NBCU Chief: File-sharers "The New Face of Organized Crime"

In a speech yesterday before a summit organized by the US Chamber of Commerce, NBC Universal CEO Jeff Zucker was quoted as proclaiming his industry and legislators are jointly losing the war against intellectual property piracy - a fight which impacts him personally as the chief of one of the world's principal content creators.

Though a complete transcript has yet to be made available, Broadcasting & Cable reports Zucker essentially drew an outline around both physical pirates and P2P file sharers, in an attempt to shame them all with an "axis of evil" style metaphor.

Zucker cited new numbers compiled by the Institute for Policy Innovation in a report yet to be publicly released. The report is expected to estimate losses to the US economy based on activity from both physical media pirates and illegal downloaders. Referring to them as a single group yesterday, according to B&C's account, he tagged them "the new face of organized crime."

That report estimates the cumulative value of lost economic activity in the American economy due to sales of both physical media (including CDs and DVDs) and digital downloads not realized by publishers and retailers. That cumulative figure is said to approach $60 billion annually, which also accounts for approximately 373,000 lost jobs in the retail and industrial sectors, and as much as $2.6 billion in lost tax revenue to the US government.

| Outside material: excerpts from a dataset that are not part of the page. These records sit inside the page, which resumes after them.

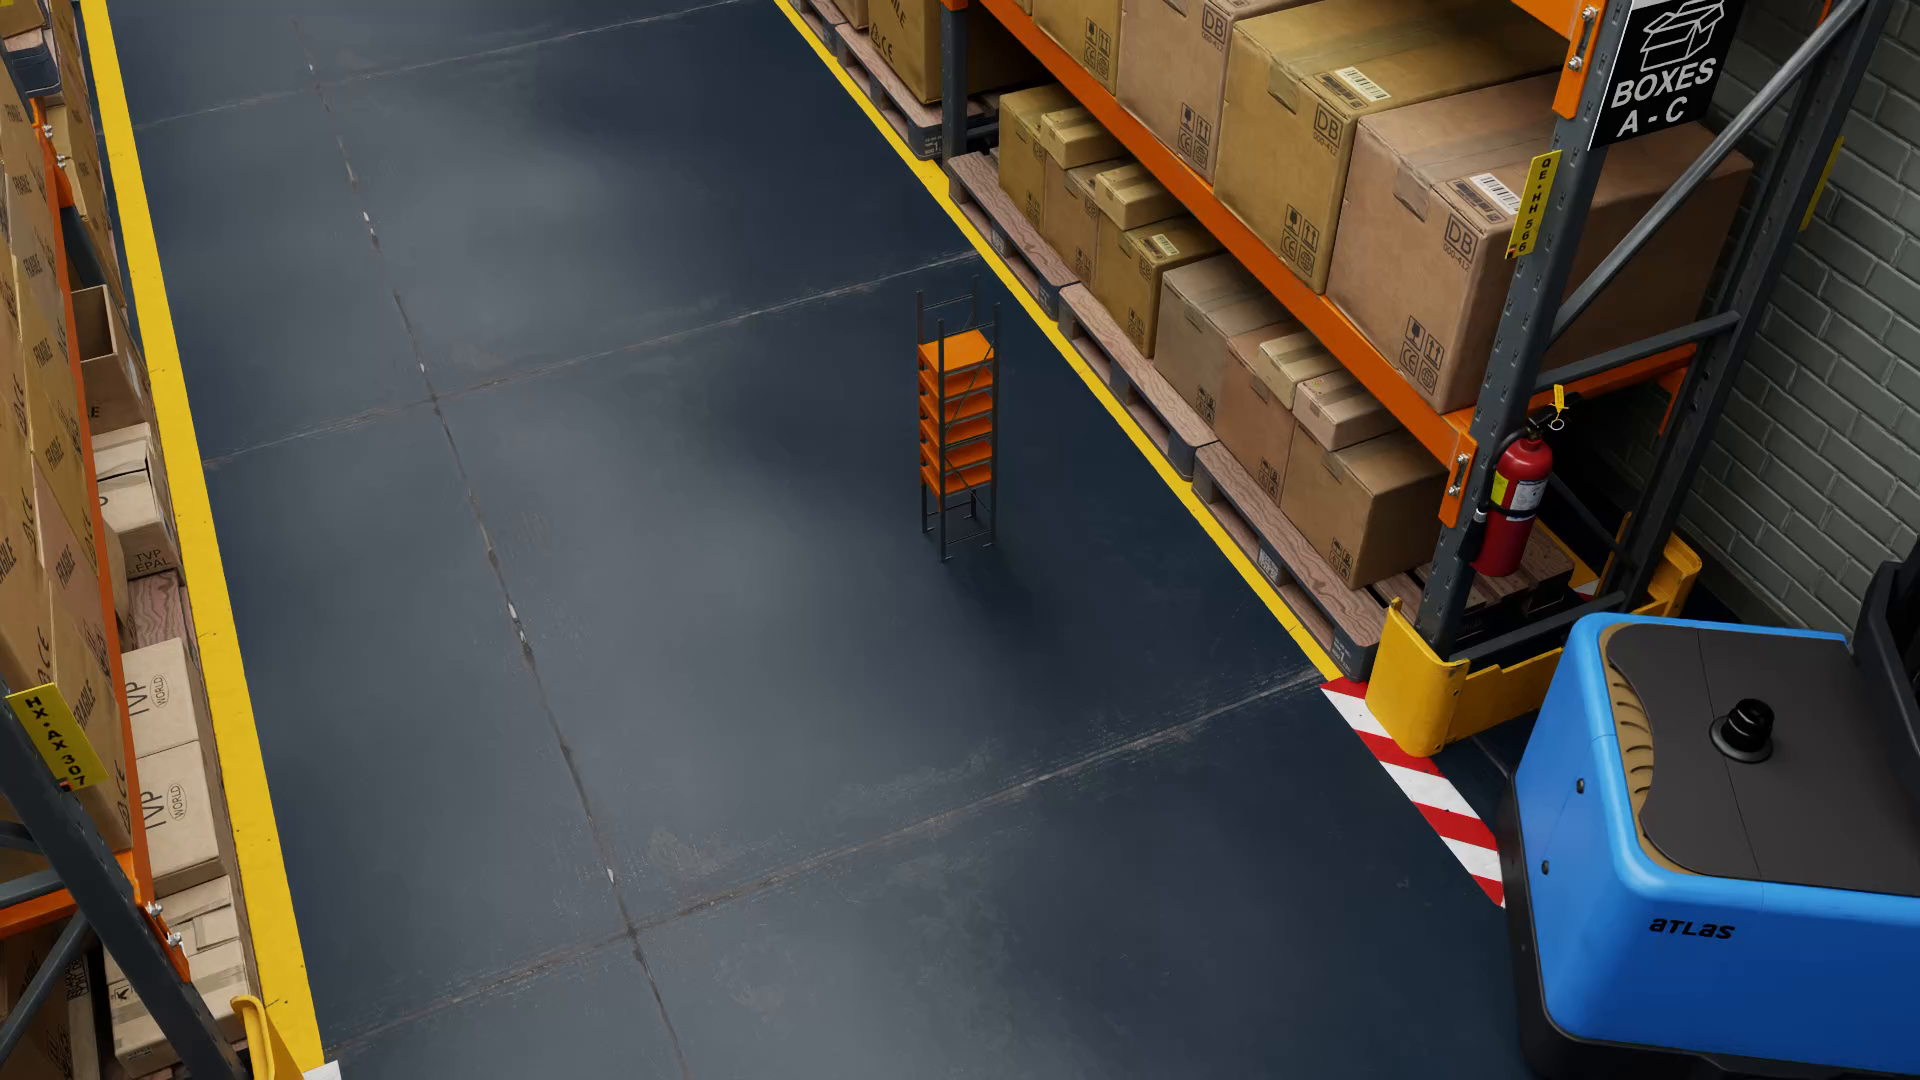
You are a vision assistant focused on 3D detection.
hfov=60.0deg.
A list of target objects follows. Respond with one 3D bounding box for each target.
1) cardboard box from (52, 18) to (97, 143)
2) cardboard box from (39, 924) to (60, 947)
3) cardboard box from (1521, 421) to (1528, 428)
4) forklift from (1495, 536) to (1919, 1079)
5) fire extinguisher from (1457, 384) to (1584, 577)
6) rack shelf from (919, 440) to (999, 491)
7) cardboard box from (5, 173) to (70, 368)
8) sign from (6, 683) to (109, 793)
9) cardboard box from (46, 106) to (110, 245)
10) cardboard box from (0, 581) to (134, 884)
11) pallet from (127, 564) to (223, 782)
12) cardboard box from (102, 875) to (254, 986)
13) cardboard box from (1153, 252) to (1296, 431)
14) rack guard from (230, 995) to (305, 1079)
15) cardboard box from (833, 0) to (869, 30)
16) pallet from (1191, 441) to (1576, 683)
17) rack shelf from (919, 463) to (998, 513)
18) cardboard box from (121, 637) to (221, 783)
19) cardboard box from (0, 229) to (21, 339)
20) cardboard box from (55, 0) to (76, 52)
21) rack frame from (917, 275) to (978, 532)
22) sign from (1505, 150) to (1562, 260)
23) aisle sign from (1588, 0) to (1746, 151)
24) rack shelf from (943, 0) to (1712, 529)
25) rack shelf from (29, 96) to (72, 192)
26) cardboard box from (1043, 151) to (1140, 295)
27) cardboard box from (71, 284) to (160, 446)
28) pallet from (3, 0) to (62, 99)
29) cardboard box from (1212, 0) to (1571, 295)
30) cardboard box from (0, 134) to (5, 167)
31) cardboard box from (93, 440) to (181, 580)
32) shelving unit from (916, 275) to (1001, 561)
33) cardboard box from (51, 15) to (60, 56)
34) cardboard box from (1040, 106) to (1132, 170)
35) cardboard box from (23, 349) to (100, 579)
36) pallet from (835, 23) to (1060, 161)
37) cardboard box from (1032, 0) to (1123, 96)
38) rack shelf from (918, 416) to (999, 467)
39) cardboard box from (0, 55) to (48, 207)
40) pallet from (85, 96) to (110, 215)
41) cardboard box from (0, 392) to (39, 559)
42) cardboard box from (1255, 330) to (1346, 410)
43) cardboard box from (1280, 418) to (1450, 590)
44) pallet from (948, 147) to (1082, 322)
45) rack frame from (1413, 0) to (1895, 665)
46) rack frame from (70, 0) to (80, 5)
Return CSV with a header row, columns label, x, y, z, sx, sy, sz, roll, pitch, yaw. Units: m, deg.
label,x,y,z,sx,sy,sz,roll,pitch,yaw
cardboard box,-4.740,-2.279,8.391,0.500,0.500,0.500,-20,48,-19
cardboard box,-2.967,1.190,5.112,0.380,0.166,0.250,-18,47,-17
cardboard box,1.916,-0.455,6.095,0.380,0.149,0.250,-18,47,-17
forklift,3.275,0.395,4.263,3.031,2.935,1.130,5,45,5
fire extinguisher,1.712,-0.176,5.113,0.296,0.674,0.183,-18,47,-17
rack shelf,-0.006,-0.319,6.453,0.258,0.103,0.180,-18,47,-17
cardboard box,-3.229,-0.790,5.344,0.500,0.500,0.500,-17,47,-17
sign,-1.933,0.428,3.564,0.100,0.325,0.005,-18,47,-17
cardboard box,-4.324,-1.636,7.739,0.500,0.500,0.500,-17,47,-17
cardboard box,-2.373,0.500,4.036,0.500,0.500,0.500,-17,47,-17
pallet,-3.303,0.557,6.036,1.003,0.211,1.213,-18,47,-17
cardboard box,-2.395,1.221,5.081,0.380,0.166,0.250,-18,47,-17
cardboard box,1.260,-0.884,6.991,0.700,0.500,0.500,-19,48,-19
rack guard,-2.458,1.738,4.633,1.175,0.500,0.348,-18,47,-17
cardboard box,-0.382,-3.443,9.336,0.750,0.750,0.750,-17,47,-16
pallet,1.660,-0.062,6.663,1.003,0.211,1.213,-18,47,-17
rack shelf,-0.006,-0.234,6.538,0.258,0.103,0.180,-18,47,-17
cardboard box,-2.817,0.651,5.599,0.500,0.250,0.500,-18,47,-17
cardboard box,-3.020,-0.830,4.673,0.500,0.500,0.500,-18,48,-18
cardboard box,-5.183,-2.942,9.062,0.500,0.500,0.500,-16,47,-16
rack frame,-0.045,-0.495,6.397,0.240,1.200,0.006,-18,47,-17
sign,1.569,-0.914,4.547,0.100,0.325,0.005,-18,47,-17
aisle sign,1.825,-1.360,4.141,0.394,0.787,0.004,-18,47,-17
rack shelf,1.226,-1.587,6.735,1.077,0.370,4.000,-18,47,-17
rack shelf,-4.949,-2.671,7.833,1.077,0.370,4.000,-18,47,-17
cardboard box,0.815,-1.549,7.665,0.700,0.500,0.500,-18,48,-18
cardboard box,-3.611,-0.640,6.729,0.500,0.500,0.500,-18,47,-17
pallet,-4.345,-2.126,6.905,1.003,0.211,1.213,-18,47,-17
cardboard box,1.528,-1.458,5.878,0.980,0.700,0.700,-18,48,-18
cardboard box,-3.442,-1.472,5.324,0.500,0.500,0.500,-19,48,-18
cardboard box,-3.295,-0.095,6.311,0.500,0.311,0.500,-18,47,-17
shelving unit,-0.006,-0.436,6.338,0.258,1.200,0.189,-18,47,-17
cardboard box,-4.722,-2.523,8.104,0.500,0.250,0.500,-19,48,-18
cardboard box,0.585,-1.829,7.487,0.380,0.149,0.250,-17,47,-16
cardboard box,-2.803,-0.148,4.693,0.500,0.500,0.500,-18,47,-18
pallet,-0.008,-2.595,9.229,1.003,0.211,1.213,-18,47,-17
cardboard box,0.901,-2.407,6.840,0.980,0.700,0.700,-19,48,-18
rack shelf,-0.006,-0.405,6.369,0.258,0.103,0.180,-18,47,-17
cardboard box,-3.665,-1.445,6.008,0.500,0.500,0.500,-17,47,-17
pallet,-5.001,-1.945,8.571,1.003,0.211,1.213,-18,47,-17
cardboard box,-2.600,-0.186,4.020,0.500,0.500,0.500,-18,47,-17
cardboard box,1.355,-0.666,6.309,0.380,0.149,0.250,-17,47,-16
cardboard box,1.682,-0.245,6.343,0.700,0.500,0.500,-18,47,-17
pallet,0.634,-1.617,8.239,1.003,0.211,1.213,-18,47,-17
rack frame,2.067,-0.569,5.191,1.000,3.000,0.127,-18,47,-17
rack frame,-5.790,-4.201,8.872,1.000,3.000,0.127,-18,47,-17

The IPI report Zucker cited will present cumulative totals based on studies it released in previous years, including one which solely deals with the sound recording industry just last week. BetaNews studied the methodology of this IPI report this morning.

In it, we discovered its authors estimated that roughly 4 billion songs per year were illegally downloaded by US Internet users. It then roughly estimated that those songs actually constitute 800 million songs not sold, under the theory that downloaders accumulate on average five times as many songs as they otherwise may have purchased. The report used this formula to estimate the total annual loss to US retail industries that would have sold those songs otherwise, at $890 million.

"The download piracy losses to U.S. retailers are calculated using an assumed value of 4.0 billion illegal downloaded songs in the U.S. in 2005," reads the latest IPI report, entitled, "The True Cost of Sound Recording Policy to the US Economy." "This value (based primarily on a review of confidential sources) implies that of the 20 billion illegal songs downloaded globally in 2005, some 20% or 4 billion were downloaded to U.S. consumers. Again assuming a 20% substitution rate, these 4 billion downloaded songs translate into 800 million lost legitimate sales. This figure is then adjusted for the weighted average price of legitimate purchases for download consumers and by the retail margin. These calculations lead to download piracy losses to U.S. retailers of $890 million and total U.S. retail losses (from both download and physical piracy) of $1.041 billion."

But as recent recording industry lawsuits against individuals might indicate, many downloaders accumulate tens of thousands of songs, most of which they may never listen to. If you account for those songs as lost sales - which, for purposes of legal indictment, you would have to do - the damage in each case could mount up to tens or hundreds of thousands of dollars.

The problem with that theory, however, is the presumption that had the means not been available for a downloader to have accumulated that many songs, he would have gladly purchased them otherwise. In the legal respect, theft leads to lost revenue; in the economic respect, in which sociological factors are taken into account, that's not always the case.

In other words, take a good look at the average defendant in an RIAA case, and ask yourself whether that person would have willingly spent ten grand on a CD collection had P2P never been invented.

NBCU's Zucker used these numbers to bolster his case for action on the part of content providers and carriers to thwart piracy, action which includes - but is certainly not limited to - penalizing certain high-bandwidth users. "Our unified voices will carry far more weight than the pleas of the individual industries," The Hollywood Reporter quotes Zucker as saying.

As an example, Zucker reportedly said carriers such as AT&T could implement filtering technology to scan content in transit, and could then act to throttle network access by those trafficking in content with a questionable source - people Zucker called "bandwidth hogs."

Such action would enable content providers such as NBCU, he said, to continue opening up their business models to multiple forms of digital revenue through streaming, direct downloading, repurposing, and repackaging for DVD distribution through retailers such as Amazon. Zucker did specifically cite YouTube as not doing enough to technologically combat piracy, even if technology alone cannot completely prevent it.

B&C noted that Zucker's stand against "bandwidth hogs" was clearly anti-net neutrality, on the basis that any unilateral measure to limit one group's access to Internet content in favor of another's is by definition non-neutral. Perhaps coincidentally, the Institute for Policy Innovation has also taken an antagonistic stand toward net neutrality, having praised the Federal Trade Commission last June for declining to enact new federal provisions to ensure equal access among network operators.

"The FTC demonstrated they're right on target when it comes to net neutrality," the IPI commented at the time. "For a dynamic economy, it is vital the industry be permitted to experiment with new business models, and deregulation is key to promoting the expansion of products and services."